終于平靜下來的時候,已經下半夜了,潔白的地毯上,被濺上的草莓汁,床單上,被子上也全都是,被搗爛了的草莓醬。
疲憊的昏昏欲睡的喬夕看了一眼,發誓這輩子都不想再吃草莓了,草莓簡直就是她的噩夢,當然如果短時間内能不看到封熠這個臭變态更好了。
她的腰都要斷了,再看那個罪魁禍首,神清氣爽的站在床邊打電話。
“準備新的床單跟被子,現在,馬上。”
他在叫傭人來換床單。
喬夕起的頭疼,“你就不能自己換嗎?”
一張嘴,說出來話的聲音都是嘶啞的,封熠把電話放下,用紙巾擦了擦自己兄弟上的草莓醬,看向他笑的十分混蛋,“不能啊,我不是得抱着你嗎?”
喬夕不解的撩了一下眼皮,隻見男人那被幹淨了的某隻鳥不是已經睡着了嗎?怎麽特麽的又醒了?
“封熠你是不是吃藥了?”
她困的不行,可是還是被眼前的一幕刺激的瞪大了眼睛,她發誓,絕對不能再來一次了。
“是啊,吃了你給我下的迷魂藥,隻要是面對你的時候,我能時刻堅硬無比。”
靠
喬夕在心裏暗暗的罵了一句,不過他這話,她倒是愛聽,自己的男人嘛,不對自己硬,對别人硬她才該哭。

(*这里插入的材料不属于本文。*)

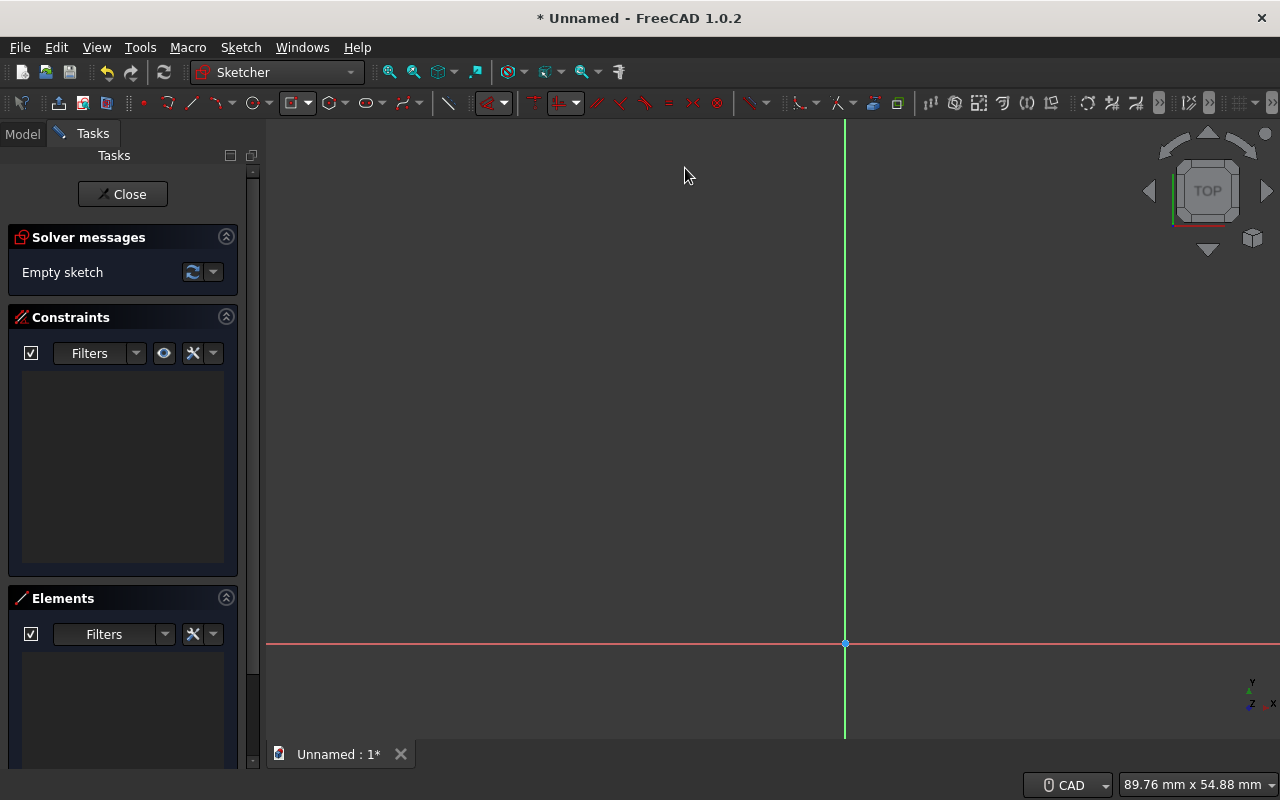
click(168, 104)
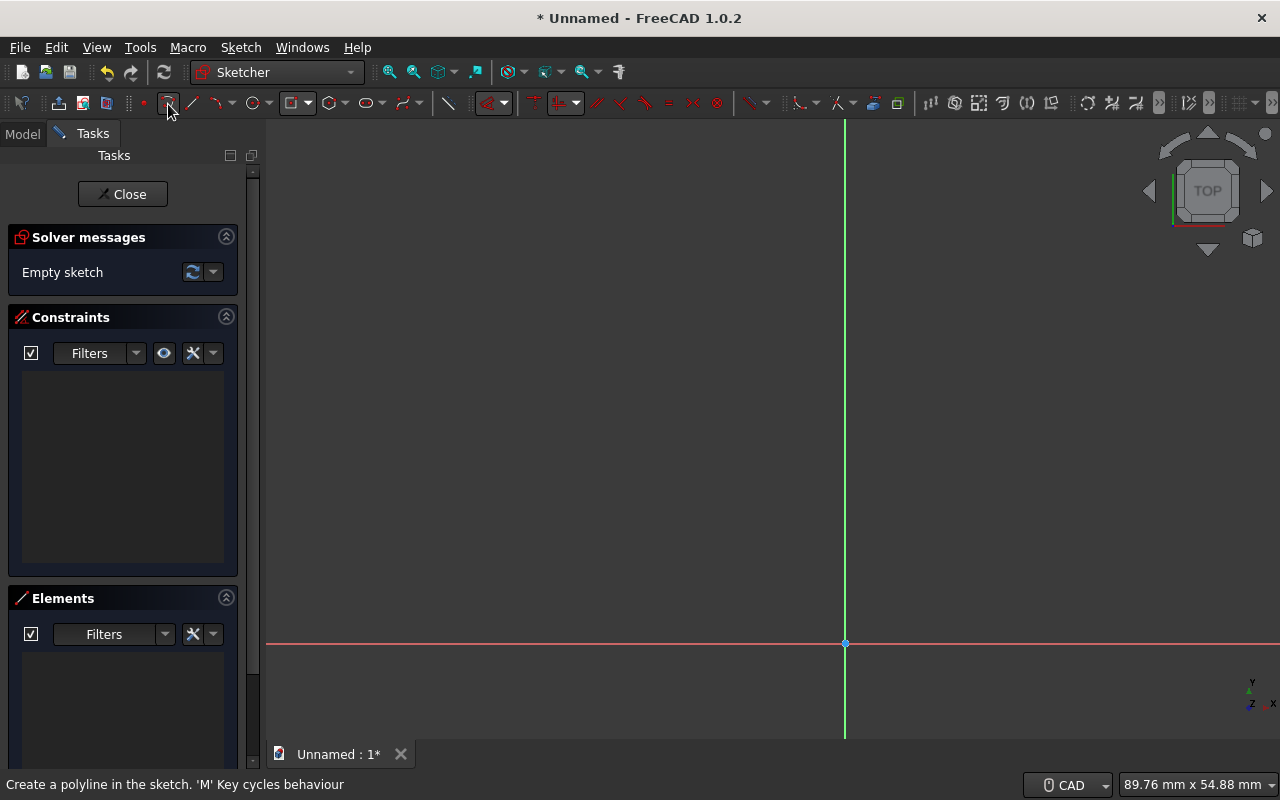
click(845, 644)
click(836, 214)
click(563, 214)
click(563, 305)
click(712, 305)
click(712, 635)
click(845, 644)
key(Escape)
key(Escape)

于是心情被男人的話大大取悅滿足了的喬夕,伸出了自己的一雙纖纖玉臂,啞着嗓子道:“老公,快點抱人家去洗澡,人家那裏都是草莓醬了好惡心。”
“呵呵,小妖精,真特麽的是個小妖精。”
心愛的小女人主動投懷送抱,封熠沒有一絲怠慢的跑過去把人抱起來,小東西身上确實是黏糊糊的,雖然隻有兩顆草莓,可是被他搗碎之後不止弄了她一身,還弄了一屋子,這下可是有的傭人們收拾了。
“寶寶,不如去浴室的路上我們先來個幹洗吧?”
“嗯,什麽幹洗?”
喬夕慵懶的聲音不明所以的問道。
“就是這樣。”
他說着把懷裏的女人立起來拖着她的屁股像是抱孩子一樣的抱着她。
懵哒哒的喬夕突然瞪圓了眼睛,看着他沒有怎麽費力就把自己跟他再次連在一起的男人,“封熠,我真不行了。”
“乖,你行的,現在先幹洗,一會兒再水洗。”
“當當當……”
卧室的門被敲響了,喬夕似乎被驚到了,精神一緊張,男人直接受益,舒服的他輕哼出聲。
“還說不行了,寶貝兒你太熱情了,夾的那麽緊,嗯?”
“閉嘴,你趕緊去浴室啊,一會兒人進來了。”
“呵呵,迫不及待要去玩水洗了嗎?”
玩你妹啊,喬夕緊張死了,要是被傭人看到她這個樣子,可是丢死人了,嗚嗚嗚……
喬夕被男人的話氣得趴在他肩上咬他,嗷嗚一口,男人吃痛,壞心的懲罰了她一下,抱着她往浴室走去。
這去浴室的路雖然不遠,但絕對是個甜蜜又刺激的懲罰。
馮蔓帶人進來,饒是對熠少跟少奶奶之間的甜蜜再清楚了解,也着實被眼前這淩亂的畫面給震撼了一下,這場景實在是……震撼之後,就趕緊收拾現場。
浴室離傳來嘩啦啦的水聲,跟着馮蔓一起來的小傭人都抱着東西紅着臉出去的。